A have a function AND which takes a pre-allocated vector and writes in the result of some operations. Following the julia naming convention, I wanted to change its name to AND! so that this behavior is reflected compared to the versions of this AND function which do not take a pre-allocated result vector as an input. Then I noticed that the performance drops significantly if I perform this change of function name, and also if I change the function name to anything else, e.g. WOOHOO. I do not understand why changing the name of a function results in decreased performance and increased allocation, nor do I know what type of things to check to see what I am doing incorrectly.

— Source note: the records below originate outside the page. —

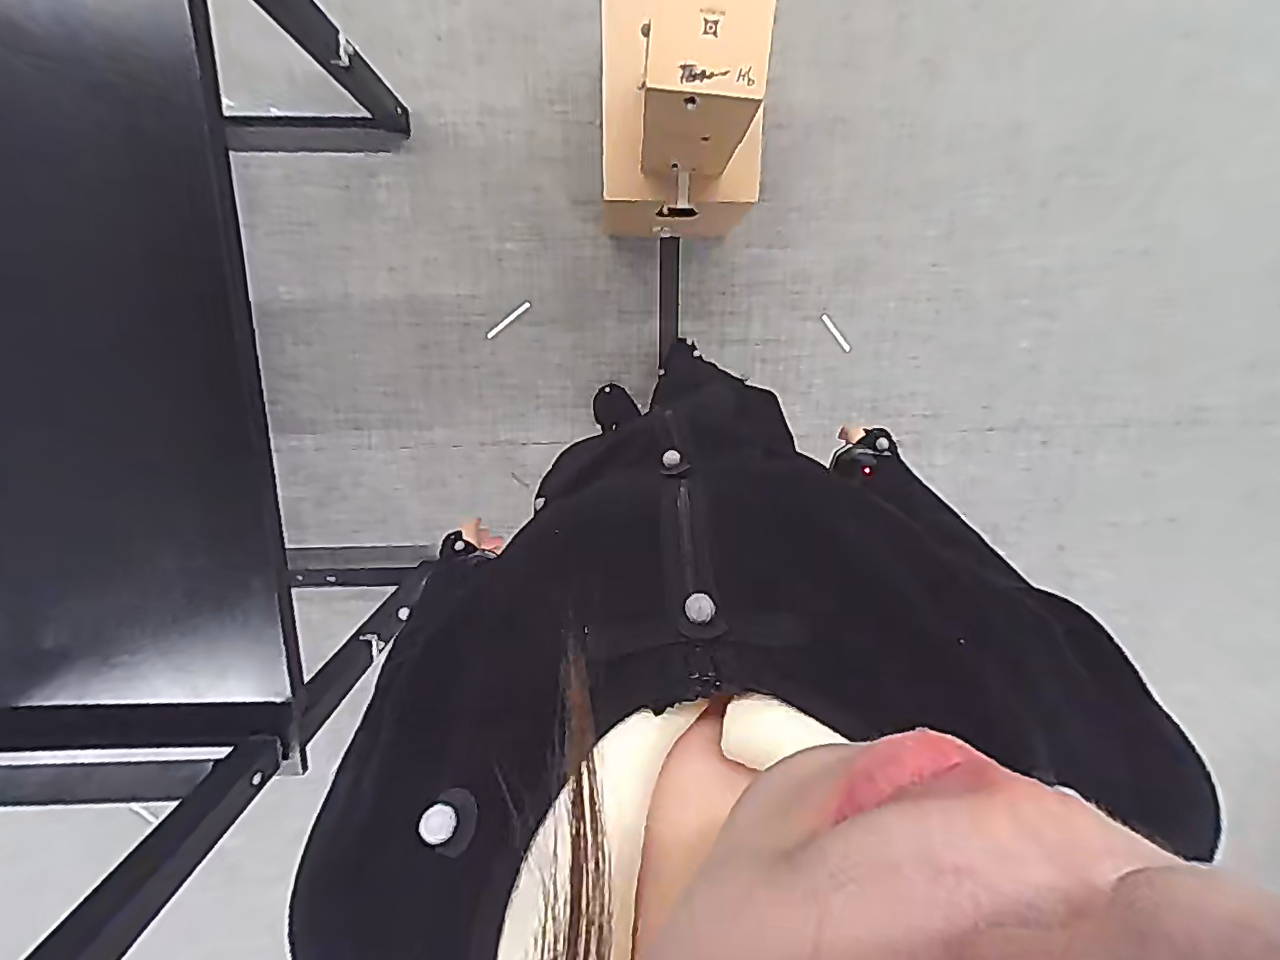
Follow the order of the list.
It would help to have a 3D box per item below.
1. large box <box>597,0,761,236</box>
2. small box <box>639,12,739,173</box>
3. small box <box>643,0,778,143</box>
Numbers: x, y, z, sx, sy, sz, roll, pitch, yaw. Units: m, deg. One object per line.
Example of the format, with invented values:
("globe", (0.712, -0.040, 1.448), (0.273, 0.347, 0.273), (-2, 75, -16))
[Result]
("large box", (0.072, -0.779, 1.172), (0.320, 0.320, 0.408), (-1, 102, -4))
("small box", (0.087, -0.667, 0.947), (0.168, 0.176, 0.179), (3, 103, -2))
("small box", (0.095, -0.628, 0.788), (0.168, 0.176, 0.179), (5, 101, -2))

I posted a video on slack of this, it is shown after 1:05 following the initial compilation of the code: Slack
Does anyone have any ideas?
Best,
-Tusike
Some additional notes:
- I was advised to check @code_warntype, it returns that everything is fine.
- I know I am not interpolating variables in @btime, but I have checked since and it changes nothing.
- –track-allocation shows that after the name change, significant allocations take place:
- function WOOHOO(resTrace::T, rm::AbstractRobustnessMetric, childTraces::T...) where {T<:AbstractTrace}
3200 resBuffer = Zygote.bufferfrom(getTrajectory(resTrace))
11200 childTrajectories = [getTrajectory(c) for c in childTraces]
0 @inbounds for k in eachindex(resBuffer)
38404800 resBuffer[k] = AND(rm, map(t -> t[k], childTrajectories))
- end
0 copyWithNewData(resTrace, copy(resBuffer))
0 return nothing
- end
compared to the original
- function AND(resTrace::T, rm::AbstractRobustnessMetric, childTraces::T...) where {T<:AbstractTrace}
0 resBuffer = Zygote.bufferfrom(getTrajectory(resTrace))
0 childTrajectories = [getTrajectory(c) for c in childTraces]
0 @inbounds for k in eachindex(resBuffer)
0 resBuffer[k] = AND(rm, map(t -> t[k], childTrajectories))
- end
- copyWithNewData(resTrace, copy(resBuffer))
0 return nothing
- end
(Note that there is no recursion here and the inner AND function that is being called has different parameters than the one posted here.)